→ **SUPPLIED ENTRIES**

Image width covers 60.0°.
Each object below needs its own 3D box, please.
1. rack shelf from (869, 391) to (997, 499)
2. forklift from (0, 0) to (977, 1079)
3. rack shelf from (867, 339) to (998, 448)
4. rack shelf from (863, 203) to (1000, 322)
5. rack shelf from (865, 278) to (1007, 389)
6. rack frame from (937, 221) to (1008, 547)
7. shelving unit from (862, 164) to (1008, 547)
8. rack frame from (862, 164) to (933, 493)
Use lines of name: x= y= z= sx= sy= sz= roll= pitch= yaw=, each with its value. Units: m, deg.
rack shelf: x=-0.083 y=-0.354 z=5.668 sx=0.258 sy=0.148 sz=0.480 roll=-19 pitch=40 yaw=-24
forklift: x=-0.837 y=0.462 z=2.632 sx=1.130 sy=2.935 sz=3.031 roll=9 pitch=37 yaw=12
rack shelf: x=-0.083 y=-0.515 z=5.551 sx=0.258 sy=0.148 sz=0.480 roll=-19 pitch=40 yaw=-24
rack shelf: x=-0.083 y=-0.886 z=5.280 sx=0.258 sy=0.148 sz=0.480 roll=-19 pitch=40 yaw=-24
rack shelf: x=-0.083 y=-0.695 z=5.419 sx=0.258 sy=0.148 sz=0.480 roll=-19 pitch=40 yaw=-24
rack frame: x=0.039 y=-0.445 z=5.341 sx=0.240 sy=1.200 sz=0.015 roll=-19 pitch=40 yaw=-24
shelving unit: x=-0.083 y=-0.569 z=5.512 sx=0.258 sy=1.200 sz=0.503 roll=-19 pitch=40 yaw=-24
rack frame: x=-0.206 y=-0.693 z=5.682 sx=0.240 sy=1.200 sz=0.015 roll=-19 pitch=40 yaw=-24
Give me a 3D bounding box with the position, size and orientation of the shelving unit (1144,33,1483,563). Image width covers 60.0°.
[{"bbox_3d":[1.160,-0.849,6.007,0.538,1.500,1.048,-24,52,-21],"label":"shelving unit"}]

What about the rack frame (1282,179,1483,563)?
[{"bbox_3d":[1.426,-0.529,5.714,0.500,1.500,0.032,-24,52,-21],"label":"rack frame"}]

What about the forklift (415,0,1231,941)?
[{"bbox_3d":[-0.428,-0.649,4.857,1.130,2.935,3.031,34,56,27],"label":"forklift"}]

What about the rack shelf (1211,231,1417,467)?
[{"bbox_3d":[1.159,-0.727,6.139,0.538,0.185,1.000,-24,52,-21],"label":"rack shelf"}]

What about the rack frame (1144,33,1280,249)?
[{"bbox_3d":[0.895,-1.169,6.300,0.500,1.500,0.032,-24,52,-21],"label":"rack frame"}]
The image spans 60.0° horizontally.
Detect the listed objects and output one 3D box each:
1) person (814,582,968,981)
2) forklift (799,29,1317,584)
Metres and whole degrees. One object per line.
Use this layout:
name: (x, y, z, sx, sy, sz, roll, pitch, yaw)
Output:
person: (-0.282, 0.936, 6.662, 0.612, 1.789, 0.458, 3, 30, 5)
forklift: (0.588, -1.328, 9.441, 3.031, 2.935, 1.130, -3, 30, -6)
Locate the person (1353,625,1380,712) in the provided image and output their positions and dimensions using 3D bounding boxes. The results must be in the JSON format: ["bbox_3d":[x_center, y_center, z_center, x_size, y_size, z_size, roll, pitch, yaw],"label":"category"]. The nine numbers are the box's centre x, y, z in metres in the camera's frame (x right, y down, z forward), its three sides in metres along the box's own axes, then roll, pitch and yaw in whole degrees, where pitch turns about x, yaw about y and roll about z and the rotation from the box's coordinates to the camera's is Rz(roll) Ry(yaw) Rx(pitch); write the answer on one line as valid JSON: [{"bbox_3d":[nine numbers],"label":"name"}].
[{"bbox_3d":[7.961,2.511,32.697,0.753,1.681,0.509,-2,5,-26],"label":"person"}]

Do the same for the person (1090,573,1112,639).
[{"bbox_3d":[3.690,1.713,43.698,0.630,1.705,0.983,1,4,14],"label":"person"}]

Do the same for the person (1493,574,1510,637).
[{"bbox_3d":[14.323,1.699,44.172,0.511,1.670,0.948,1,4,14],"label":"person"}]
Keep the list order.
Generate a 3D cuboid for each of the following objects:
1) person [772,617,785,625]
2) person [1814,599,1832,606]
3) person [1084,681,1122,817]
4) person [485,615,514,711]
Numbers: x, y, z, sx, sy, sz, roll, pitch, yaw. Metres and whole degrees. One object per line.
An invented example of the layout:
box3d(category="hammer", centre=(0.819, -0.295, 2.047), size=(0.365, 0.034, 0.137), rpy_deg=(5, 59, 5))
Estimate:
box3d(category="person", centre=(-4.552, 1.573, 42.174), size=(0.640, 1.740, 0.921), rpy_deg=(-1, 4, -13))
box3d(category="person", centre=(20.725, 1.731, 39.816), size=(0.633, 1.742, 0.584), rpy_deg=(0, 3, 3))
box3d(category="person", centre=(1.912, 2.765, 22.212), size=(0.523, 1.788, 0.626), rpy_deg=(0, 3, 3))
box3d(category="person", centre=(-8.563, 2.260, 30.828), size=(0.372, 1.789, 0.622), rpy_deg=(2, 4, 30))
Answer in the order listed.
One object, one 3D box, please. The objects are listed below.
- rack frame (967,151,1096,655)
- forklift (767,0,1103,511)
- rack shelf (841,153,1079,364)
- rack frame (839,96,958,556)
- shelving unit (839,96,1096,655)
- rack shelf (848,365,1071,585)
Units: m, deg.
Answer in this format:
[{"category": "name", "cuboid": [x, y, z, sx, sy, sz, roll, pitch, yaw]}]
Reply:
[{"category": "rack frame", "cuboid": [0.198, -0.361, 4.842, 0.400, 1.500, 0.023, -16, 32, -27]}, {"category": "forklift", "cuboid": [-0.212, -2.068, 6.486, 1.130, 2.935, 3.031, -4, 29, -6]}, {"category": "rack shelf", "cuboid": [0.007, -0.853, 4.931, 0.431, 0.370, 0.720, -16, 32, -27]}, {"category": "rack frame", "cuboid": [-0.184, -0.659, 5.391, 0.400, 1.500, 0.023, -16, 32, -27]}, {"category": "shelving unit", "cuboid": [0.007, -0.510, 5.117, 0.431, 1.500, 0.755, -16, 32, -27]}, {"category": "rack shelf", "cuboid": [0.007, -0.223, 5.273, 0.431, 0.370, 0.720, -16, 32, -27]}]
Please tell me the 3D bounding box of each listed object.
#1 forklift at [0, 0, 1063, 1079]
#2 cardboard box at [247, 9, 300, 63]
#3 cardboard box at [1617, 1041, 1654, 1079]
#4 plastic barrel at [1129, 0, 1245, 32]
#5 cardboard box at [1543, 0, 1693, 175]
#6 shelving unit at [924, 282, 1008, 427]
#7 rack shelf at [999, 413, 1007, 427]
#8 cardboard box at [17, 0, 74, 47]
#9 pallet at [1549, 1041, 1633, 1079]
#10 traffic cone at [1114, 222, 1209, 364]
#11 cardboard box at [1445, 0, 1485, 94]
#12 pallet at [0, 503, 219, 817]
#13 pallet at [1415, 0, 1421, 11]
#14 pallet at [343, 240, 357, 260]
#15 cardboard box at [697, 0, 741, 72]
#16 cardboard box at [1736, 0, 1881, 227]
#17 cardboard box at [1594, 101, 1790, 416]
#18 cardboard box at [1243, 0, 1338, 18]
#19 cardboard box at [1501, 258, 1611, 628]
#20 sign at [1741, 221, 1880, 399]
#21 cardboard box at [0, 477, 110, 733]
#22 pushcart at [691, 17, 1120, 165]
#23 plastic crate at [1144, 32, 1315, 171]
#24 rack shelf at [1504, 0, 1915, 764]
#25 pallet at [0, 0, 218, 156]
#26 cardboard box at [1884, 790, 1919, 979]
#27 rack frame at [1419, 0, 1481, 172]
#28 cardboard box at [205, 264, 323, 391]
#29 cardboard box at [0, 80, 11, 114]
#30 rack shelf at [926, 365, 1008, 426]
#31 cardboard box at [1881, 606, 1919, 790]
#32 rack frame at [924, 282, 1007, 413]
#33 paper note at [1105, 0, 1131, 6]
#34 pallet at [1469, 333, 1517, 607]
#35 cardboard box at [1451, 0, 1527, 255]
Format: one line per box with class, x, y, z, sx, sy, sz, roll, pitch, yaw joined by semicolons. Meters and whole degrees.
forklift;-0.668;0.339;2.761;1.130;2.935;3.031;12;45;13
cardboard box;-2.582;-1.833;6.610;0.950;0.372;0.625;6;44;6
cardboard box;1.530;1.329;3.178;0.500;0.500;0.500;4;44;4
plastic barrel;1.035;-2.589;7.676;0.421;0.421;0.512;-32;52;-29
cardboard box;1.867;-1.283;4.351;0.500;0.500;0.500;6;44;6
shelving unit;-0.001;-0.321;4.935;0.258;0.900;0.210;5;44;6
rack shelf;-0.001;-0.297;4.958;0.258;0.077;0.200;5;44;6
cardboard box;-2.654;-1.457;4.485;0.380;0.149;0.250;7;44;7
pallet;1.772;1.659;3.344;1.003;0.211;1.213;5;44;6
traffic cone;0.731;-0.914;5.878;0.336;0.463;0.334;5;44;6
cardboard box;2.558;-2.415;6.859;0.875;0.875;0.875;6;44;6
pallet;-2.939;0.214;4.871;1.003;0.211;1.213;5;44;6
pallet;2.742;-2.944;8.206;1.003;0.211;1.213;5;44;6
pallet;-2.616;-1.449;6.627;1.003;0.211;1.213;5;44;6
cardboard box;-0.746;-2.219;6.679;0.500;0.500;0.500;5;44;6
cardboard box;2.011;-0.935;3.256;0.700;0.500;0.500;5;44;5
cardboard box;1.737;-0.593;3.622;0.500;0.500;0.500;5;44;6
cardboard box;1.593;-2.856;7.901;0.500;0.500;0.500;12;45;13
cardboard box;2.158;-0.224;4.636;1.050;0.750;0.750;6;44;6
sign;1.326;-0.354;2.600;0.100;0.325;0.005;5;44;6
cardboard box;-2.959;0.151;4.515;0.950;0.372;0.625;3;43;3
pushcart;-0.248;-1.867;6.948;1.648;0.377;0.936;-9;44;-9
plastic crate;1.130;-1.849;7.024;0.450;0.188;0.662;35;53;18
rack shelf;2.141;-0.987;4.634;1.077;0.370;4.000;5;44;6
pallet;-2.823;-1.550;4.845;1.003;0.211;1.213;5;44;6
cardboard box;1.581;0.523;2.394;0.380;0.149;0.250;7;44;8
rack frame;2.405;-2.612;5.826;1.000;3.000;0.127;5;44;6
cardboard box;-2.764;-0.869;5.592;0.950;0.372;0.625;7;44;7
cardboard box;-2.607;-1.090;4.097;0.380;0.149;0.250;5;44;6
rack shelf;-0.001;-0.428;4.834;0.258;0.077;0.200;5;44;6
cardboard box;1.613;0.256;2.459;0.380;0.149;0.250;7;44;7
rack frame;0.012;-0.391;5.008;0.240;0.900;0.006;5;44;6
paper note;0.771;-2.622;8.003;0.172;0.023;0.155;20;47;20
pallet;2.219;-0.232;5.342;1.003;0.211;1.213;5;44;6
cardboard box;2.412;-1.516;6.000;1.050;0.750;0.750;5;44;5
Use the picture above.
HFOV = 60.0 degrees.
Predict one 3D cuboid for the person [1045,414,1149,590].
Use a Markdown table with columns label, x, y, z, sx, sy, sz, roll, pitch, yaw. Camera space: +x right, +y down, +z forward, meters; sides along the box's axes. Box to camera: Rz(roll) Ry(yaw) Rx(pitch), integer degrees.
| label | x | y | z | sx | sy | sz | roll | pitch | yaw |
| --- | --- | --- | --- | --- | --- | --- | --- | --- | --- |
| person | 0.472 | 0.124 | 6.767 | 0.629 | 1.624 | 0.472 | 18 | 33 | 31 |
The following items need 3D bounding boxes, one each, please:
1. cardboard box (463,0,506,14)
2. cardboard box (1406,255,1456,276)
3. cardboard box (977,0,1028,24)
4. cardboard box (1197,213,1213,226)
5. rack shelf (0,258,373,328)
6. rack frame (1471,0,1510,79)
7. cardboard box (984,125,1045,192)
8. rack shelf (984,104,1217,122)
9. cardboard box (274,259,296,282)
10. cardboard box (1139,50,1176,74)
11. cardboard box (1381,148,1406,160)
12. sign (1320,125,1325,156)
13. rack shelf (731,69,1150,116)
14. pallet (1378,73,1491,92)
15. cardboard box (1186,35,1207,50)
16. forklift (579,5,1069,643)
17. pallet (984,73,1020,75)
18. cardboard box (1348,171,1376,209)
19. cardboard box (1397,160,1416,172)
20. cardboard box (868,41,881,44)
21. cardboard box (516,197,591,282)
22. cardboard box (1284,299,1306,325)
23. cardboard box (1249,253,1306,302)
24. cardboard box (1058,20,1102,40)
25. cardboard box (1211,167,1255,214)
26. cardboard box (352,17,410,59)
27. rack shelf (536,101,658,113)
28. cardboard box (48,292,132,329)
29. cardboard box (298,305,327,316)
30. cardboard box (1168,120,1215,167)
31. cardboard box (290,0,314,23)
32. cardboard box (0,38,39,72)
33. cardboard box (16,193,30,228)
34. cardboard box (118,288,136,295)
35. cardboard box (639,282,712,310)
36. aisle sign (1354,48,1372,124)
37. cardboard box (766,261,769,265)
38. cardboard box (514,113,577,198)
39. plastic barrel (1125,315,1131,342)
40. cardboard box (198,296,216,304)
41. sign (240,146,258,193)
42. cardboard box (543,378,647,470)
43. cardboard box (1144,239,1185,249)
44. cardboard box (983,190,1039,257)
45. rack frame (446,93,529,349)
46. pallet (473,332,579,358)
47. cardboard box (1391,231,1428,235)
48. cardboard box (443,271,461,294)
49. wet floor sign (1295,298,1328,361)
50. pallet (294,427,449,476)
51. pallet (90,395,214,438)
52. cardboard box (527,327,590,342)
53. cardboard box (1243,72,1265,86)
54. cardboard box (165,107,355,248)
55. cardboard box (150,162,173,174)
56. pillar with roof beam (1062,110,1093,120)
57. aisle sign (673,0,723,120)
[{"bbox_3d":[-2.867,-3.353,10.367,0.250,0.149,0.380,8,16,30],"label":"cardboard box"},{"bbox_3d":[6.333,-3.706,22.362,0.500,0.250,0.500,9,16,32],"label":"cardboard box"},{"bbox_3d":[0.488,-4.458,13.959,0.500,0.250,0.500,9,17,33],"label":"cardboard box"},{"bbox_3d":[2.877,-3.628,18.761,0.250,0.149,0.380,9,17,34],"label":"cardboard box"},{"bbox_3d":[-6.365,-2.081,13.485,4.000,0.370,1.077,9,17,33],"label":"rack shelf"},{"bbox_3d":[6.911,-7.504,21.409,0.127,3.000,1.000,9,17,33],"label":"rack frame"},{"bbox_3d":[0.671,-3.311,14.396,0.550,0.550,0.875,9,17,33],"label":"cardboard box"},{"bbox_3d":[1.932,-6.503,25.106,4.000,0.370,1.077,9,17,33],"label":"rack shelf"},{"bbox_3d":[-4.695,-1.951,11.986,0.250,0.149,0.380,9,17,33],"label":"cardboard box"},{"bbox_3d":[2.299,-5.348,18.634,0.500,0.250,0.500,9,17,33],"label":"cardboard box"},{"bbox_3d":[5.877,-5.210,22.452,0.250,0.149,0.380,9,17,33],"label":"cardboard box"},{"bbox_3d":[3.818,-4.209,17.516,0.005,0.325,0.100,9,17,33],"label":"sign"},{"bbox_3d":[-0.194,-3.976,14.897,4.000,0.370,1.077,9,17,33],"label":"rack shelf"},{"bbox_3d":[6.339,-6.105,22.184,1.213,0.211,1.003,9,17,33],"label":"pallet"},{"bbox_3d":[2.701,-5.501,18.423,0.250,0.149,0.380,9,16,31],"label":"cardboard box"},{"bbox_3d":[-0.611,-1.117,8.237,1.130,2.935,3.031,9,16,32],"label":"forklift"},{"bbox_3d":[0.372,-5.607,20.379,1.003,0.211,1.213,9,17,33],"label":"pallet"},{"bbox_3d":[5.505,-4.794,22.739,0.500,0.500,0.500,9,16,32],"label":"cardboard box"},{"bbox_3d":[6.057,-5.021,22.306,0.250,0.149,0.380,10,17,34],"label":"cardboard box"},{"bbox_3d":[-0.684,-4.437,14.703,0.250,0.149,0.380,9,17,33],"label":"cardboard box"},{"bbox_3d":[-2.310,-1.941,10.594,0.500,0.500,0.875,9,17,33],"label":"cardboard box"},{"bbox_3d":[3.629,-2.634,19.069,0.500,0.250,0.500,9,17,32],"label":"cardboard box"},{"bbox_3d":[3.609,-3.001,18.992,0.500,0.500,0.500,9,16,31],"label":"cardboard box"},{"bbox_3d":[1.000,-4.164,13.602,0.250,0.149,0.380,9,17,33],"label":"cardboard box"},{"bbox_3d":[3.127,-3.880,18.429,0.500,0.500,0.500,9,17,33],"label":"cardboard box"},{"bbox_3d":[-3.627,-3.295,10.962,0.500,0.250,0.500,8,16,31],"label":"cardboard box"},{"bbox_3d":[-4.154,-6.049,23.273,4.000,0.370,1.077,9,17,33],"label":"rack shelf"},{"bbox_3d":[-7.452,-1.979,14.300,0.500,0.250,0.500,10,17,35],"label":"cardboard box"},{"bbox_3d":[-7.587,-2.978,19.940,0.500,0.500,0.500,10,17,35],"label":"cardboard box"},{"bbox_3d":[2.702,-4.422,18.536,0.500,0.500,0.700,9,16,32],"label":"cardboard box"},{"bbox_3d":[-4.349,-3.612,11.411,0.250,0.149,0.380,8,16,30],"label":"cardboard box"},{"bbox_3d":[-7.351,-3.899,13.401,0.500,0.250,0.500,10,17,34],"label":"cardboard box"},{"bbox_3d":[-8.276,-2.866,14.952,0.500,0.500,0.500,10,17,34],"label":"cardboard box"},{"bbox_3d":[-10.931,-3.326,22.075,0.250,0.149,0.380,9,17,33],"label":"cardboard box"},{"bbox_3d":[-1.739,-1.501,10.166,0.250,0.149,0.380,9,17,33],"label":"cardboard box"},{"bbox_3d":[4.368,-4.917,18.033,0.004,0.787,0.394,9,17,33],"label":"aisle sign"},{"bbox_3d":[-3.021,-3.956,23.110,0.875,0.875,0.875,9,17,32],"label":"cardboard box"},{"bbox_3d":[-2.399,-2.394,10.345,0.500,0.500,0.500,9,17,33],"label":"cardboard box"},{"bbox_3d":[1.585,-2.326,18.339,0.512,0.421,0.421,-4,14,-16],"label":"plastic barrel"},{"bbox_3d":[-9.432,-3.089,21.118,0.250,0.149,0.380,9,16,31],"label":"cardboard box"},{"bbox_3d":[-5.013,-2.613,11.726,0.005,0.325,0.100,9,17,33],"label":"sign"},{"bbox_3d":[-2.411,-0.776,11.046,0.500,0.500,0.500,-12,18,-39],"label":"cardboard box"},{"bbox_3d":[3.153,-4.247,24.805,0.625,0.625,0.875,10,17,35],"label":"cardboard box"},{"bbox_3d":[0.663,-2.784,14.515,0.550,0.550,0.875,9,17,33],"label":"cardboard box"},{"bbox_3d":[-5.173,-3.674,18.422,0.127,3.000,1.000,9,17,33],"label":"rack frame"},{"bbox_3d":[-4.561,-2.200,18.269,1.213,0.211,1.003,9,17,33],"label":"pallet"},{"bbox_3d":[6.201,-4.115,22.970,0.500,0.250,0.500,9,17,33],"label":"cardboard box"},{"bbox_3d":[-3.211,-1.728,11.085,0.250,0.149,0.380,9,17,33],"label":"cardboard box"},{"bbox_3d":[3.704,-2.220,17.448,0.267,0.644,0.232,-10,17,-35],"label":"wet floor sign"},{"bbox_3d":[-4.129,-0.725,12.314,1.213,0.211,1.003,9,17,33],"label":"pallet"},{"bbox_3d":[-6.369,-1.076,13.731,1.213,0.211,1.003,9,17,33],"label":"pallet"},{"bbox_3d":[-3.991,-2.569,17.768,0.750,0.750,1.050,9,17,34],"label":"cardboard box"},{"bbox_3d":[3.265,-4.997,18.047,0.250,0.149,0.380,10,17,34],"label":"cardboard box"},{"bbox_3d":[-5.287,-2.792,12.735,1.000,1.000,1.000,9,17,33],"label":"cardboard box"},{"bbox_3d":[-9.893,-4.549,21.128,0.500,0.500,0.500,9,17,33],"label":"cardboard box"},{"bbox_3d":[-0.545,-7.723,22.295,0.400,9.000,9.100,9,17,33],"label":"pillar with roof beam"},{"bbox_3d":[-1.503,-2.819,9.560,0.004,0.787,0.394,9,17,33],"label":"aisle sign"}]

→ **BRIEF**
The answer must consist of every line in the records above that contains the word "order".

→ **TASK RESPONSE**
Keep the list order.
Answer in the order listed.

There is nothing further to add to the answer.